▶ [RECORDS FOR THE EXERCISE]
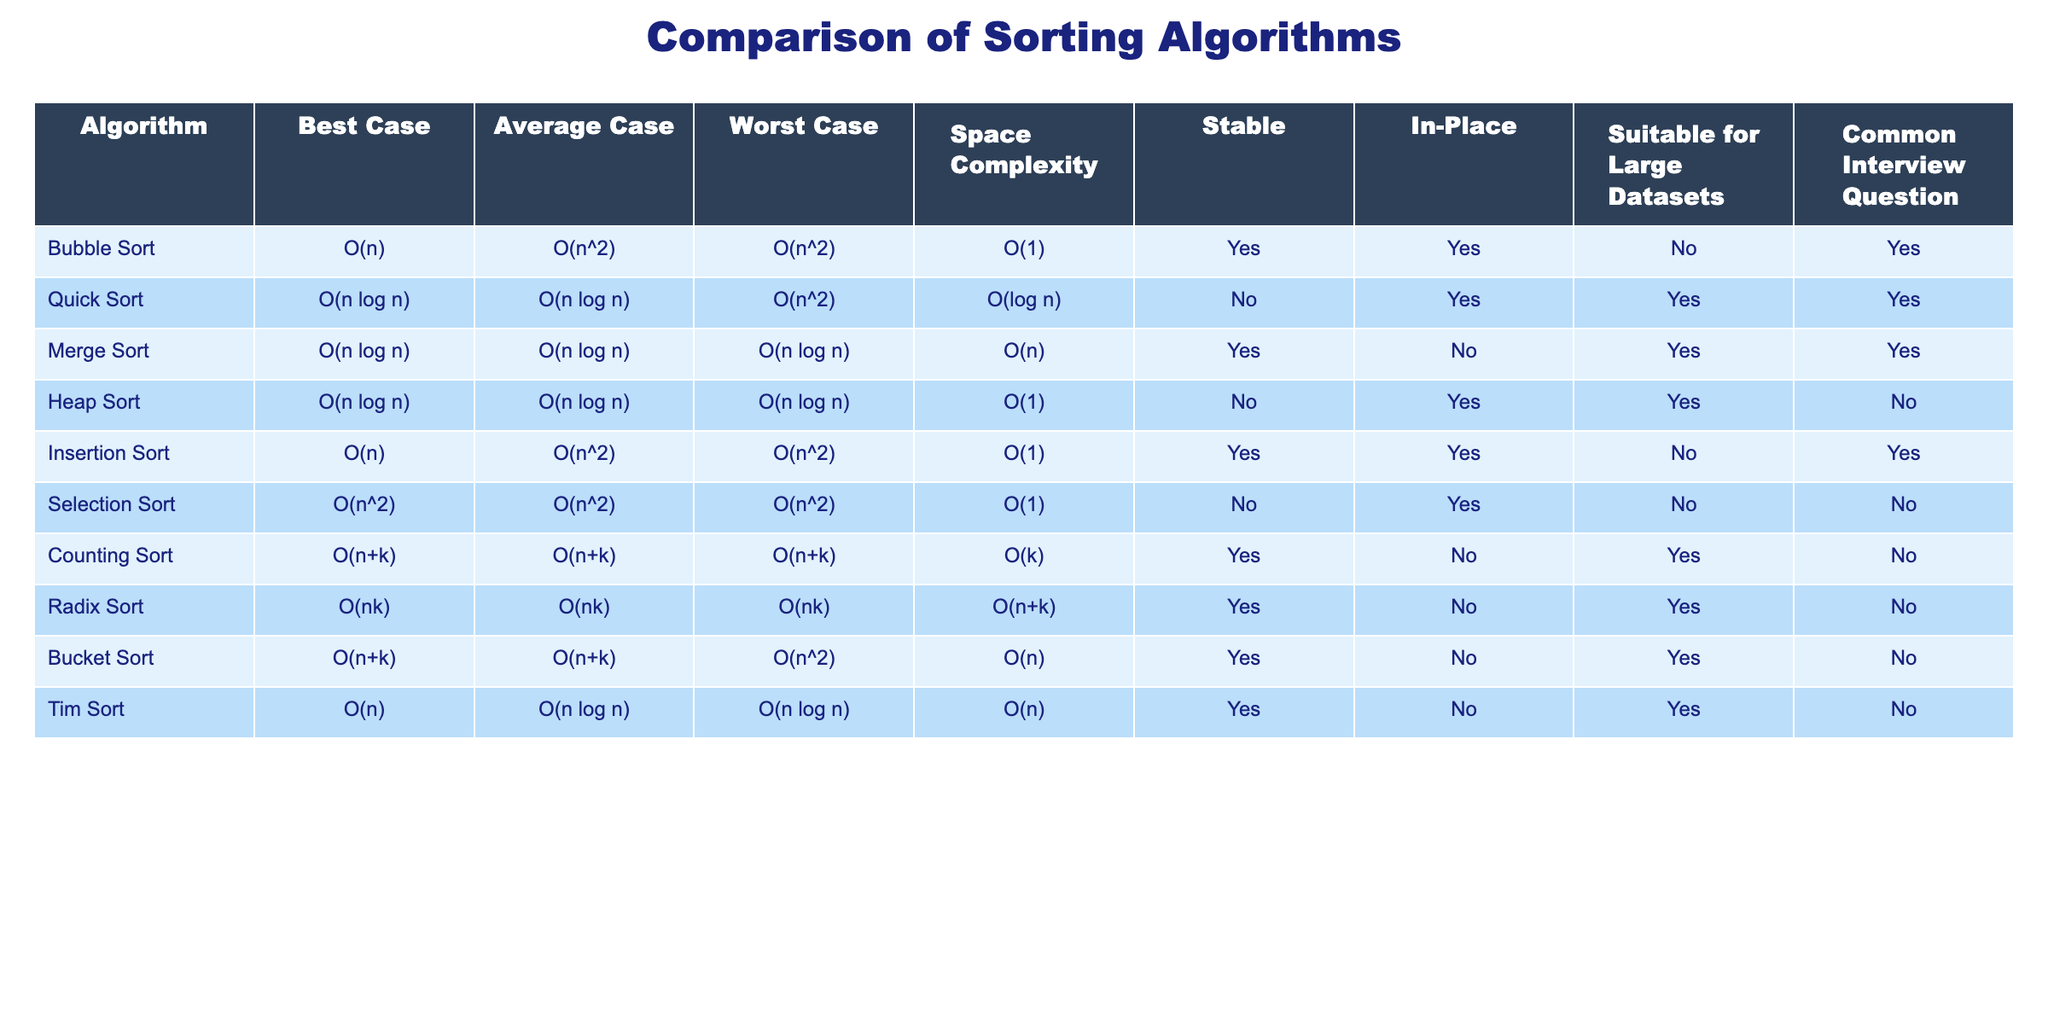What is the worst-case time complexity of Merge Sort? Looking at the table, the worst-case time complexity of Merge Sort is listed in the corresponding row under the "Worst Case" column, which reads O(n log n).
Answer: O(n log n) Is Quick Sort stable? Referring to the "Stable" column in the row for Quick Sort, it indicates "No," which means it is not a stable algorithm.
Answer: No What is the space complexity of Counting Sort? Checking the "Space Complexity" column for Counting Sort, it shows O(k), where k represents the range of the input values.
Answer: O(k) Which sorting algorithms have the best-case time complexity of O(n)? Reviewing the "Best Case" column, the algorithms with this time complexity are Bubble Sort, Insertion Sort, and Tim Sort.
Answer: Bubble Sort, Insertion Sort, Tim Sort What is the average time complexity of Heap Sort compared to Insertion Sort? Heap Sort has an average time complexity of O(n log n) and Insertion Sort has O(n^2). The average time complexity of Heap Sort is significantly faster than that of Insertion Sort.
Answer: O(n log n) is faster than O(n^2) Among the sorting algorithms listed, which are suitable for large datasets? Looking at the "Suitable for Large Datasets" column, the algorithms suitable for large datasets are Quick Sort, Merge Sort, Heap Sort, Counting Sort, Radix Sort, Tim Sort.
Answer: Quick Sort, Merge Sort, Heap Sort, Counting Sort, Radix Sort, Tim Sort What is the total number of sorting algorithms listed in the table that are in-place? Counting the "In-Place" column, we find that there are five algorithms that are in-place: Bubble Sort, Quick Sort, Insertion Sort, Selection Sort, and Heap Sort.
Answer: 5 Which algorithm has the lowest worst-case time complexity among the following: Quick Sort, Merge Sort, and Heap Sort? For Quick Sort, the worst-case complexity is O(n^2), for Merge Sort it is O(n log n), and for Heap Sort it is also O(n log n). Therefore, Quick Sort has the lowest worst-case complexity.
Answer: Quick Sort Is there any sorting algorithm with both O(n) best-case and average-case time complexity? In reviewing both the "Best Case" and "Average Case" columns, it can be seen that Bubble Sort and Insertion Sort have the best-case of O(n) but their average case is O(n^2), so no algorithm meets the criteria for both cases.
Answer: No 
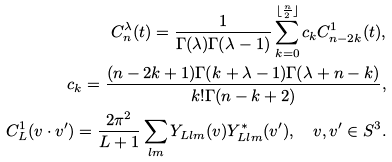Convert formula to latex. <formula><loc_0><loc_0><loc_500><loc_500>C _ { n } ^ { \lambda } ( t ) = \frac { 1 } { \Gamma ( \lambda ) \Gamma ( \lambda - 1 ) } \sum _ { k = 0 } ^ { \lfloor \frac { n } { 2 } \rfloor } c _ { k } C _ { n - 2 k } ^ { 1 } ( t ) , \\ c _ { k } = \frac { ( n - 2 k + 1 ) \Gamma ( k + \lambda - 1 ) \Gamma ( \lambda + n - k ) } { k ! \Gamma ( n - k + 2 ) } , \\ C _ { L } ^ { 1 } ( v \cdot v ^ { \prime } ) = \frac { 2 \pi ^ { 2 } } { L + 1 } \sum _ { l m } Y _ { L l m } ( v ) Y ^ { \ast } _ { L l m } ( v ^ { \prime } ) , \quad v , v ^ { \prime } \in S ^ { 3 } .</formula> 
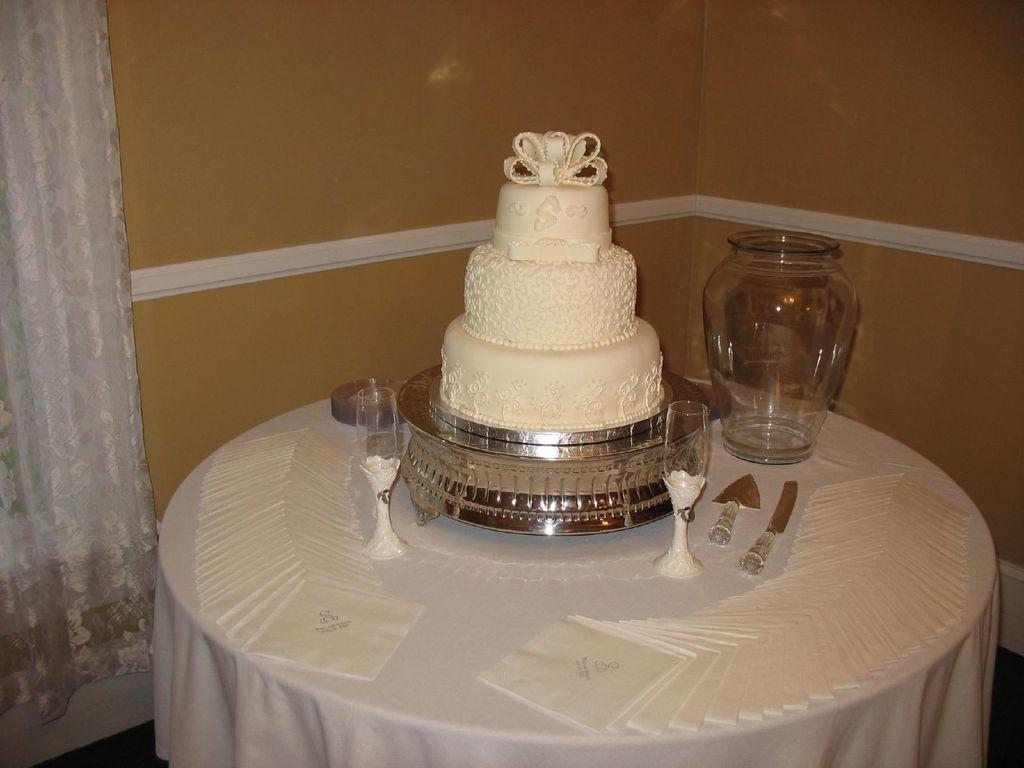Describe this image in one or two sentences. In this image, we can see a table in front of the wall covered with a cloth. This table contains glasses, jar and cake. 
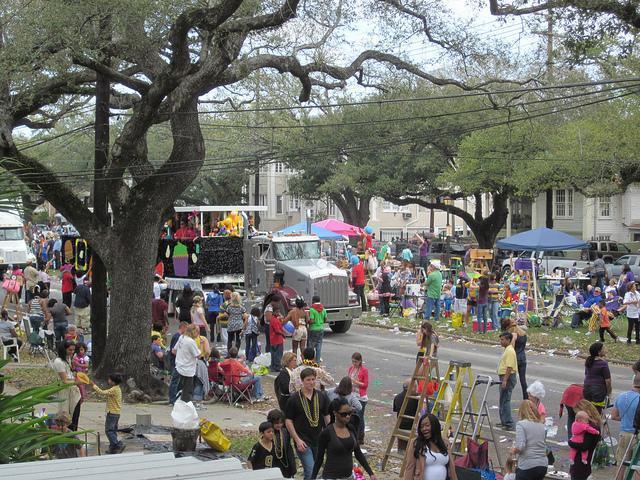How many ladders are there?
Give a very brief answer. 3. How many people are in the picture?
Give a very brief answer. 4.

▶ [TASK PROMPT] Print the data exactly, from its first line to the line containing "Answer: 5 Which", both included. Omit the pictures.

▶ [RESPONSE BELOW]
What is the worst-case time complexity of Merge Sort? Looking at the table, the worst-case time complexity of Merge Sort is listed in the corresponding row under the "Worst Case" column, which reads O(n log n).
Answer: O(n log n) Is Quick Sort stable? Referring to the "Stable" column in the row for Quick Sort, it indicates "No," which means it is not a stable algorithm.
Answer: No What is the space complexity of Counting Sort? Checking the "Space Complexity" column for Counting Sort, it shows O(k), where k represents the range of the input values.
Answer: O(k) Which sorting algorithms have the best-case time complexity of O(n)? Reviewing the "Best Case" column, the algorithms with this time complexity are Bubble Sort, Insertion Sort, and Tim Sort.
Answer: Bubble Sort, Insertion Sort, Tim Sort What is the average time complexity of Heap Sort compared to Insertion Sort? Heap Sort has an average time complexity of O(n log n) and Insertion Sort has O(n^2). The average time complexity of Heap Sort is significantly faster than that of Insertion Sort.
Answer: O(n log n) is faster than O(n^2) Among the sorting algorithms listed, which are suitable for large datasets? Looking at the "Suitable for Large Datasets" column, the algorithms suitable for large datasets are Quick Sort, Merge Sort, Heap Sort, Counting Sort, Radix Sort, Tim Sort.
Answer: Quick Sort, Merge Sort, Heap Sort, Counting Sort, Radix Sort, Tim Sort What is the total number of sorting algorithms listed in the table that are in-place? Counting the "In-Place" column, we find that there are five algorithms that are in-place: Bubble Sort, Quick Sort, Insertion Sort, Selection Sort, and Heap Sort.
Answer: 5 Which algorithm has the lowest worst-case time complexity among the following: Quick Sort, Merge Sort, and Heap Sort? For Quick Sort, the worst-case complexity is O(n^2), for Merge Sort it is O(n log n), and for Heap Sort it is also O(n log n). Therefore, Quick Sort has the lowest worst-case complexity.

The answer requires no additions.